One of the things that I’ve started to practice is persuading my mind how to think. Even when everything looks or feels completely awful, I make myself look up. I tell myself that I’m feeling good, and I make myself genuinely believe it. I put my entire faith into that positive energy, of what I know things should be. It’s a challenge. It’s not easy. I can’t always do it. But it’s an art of persuasion. And with any art, it takes practice.

The challenge is to sincerely look for the positivity and happy emotions that are around you. You have to tune yourself to the same emotional frequency as the positive energy. Like a radio signal, you have to turn your channel to receive that positive energy and emotion. And if you’re ready to receive, it will present itself.

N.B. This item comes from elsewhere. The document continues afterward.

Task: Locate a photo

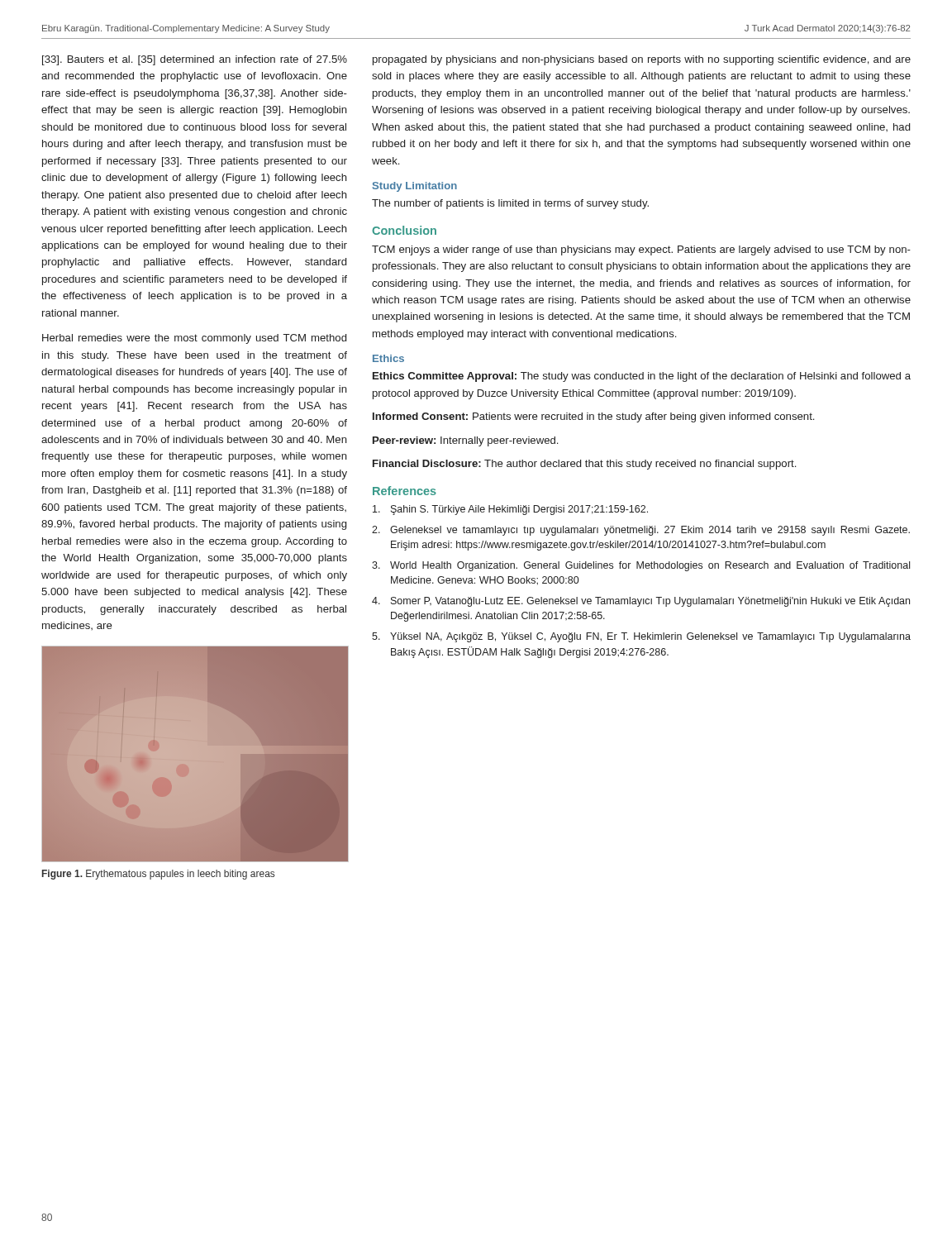Action: [x=194, y=764]

In the more difficult times, this is the hardest advice to follow. The negative thoughts creep back into your mind. But recognition is key. To see and identify those thoughts and consciously acknowledge them for what they are is the first step. After identifying the negative energy, you have to turn your own channel. Instead of thinking, “I don’t want to feel that way,” think of the way you do want to feel. Think of the positive energy, emotions, experiences, or memories. Tell yourself, “I want to feel this way,” or “I want to feel good.” Even if it seems trivial and impossible, invest your energy and focus into attracting that positive energy. If you convince yourself that it’s there and you are going to find it, circumstances change. They have a strange way of working themselves out. But you have to know what you want.

Even when it feels like you’re in an emotional headlock straight to the ground, twist a little more to look up. At the sun, the light. The positive emotions and energy in life. And keep looking up.

Remember what’s good 🔗

Depression isn’t a one-time illness. You don’t have a revelation one magical day and are suddenly “cured” of depression. It’s a cycle, with ups and downs. It requires balance and powerful support systems to stave off its hardest moments. The first step is recognizing the tug-of-war and identifying when things start to feel wrong. Make the steps to pull back from the things that bring the negative thoughts and energy. Remember what you do want and how you want to feel. Remember what’s good.

It took me a long time to write this. For six or seven years, I’ve tried to find the right words. But what I realized is that if I wait for the right words, I’ll wait forever. Even with the advice I gave, I’m not perfect and I’m not always able to fight it every time. This is something I actively live with. I have good days and I have bad days. The bad days are what brought me to write this in the first place. But the sun always comes up, one way or another. That’s what I always have to remind myself.

There are many stories out there. But this one is mine. Thank you.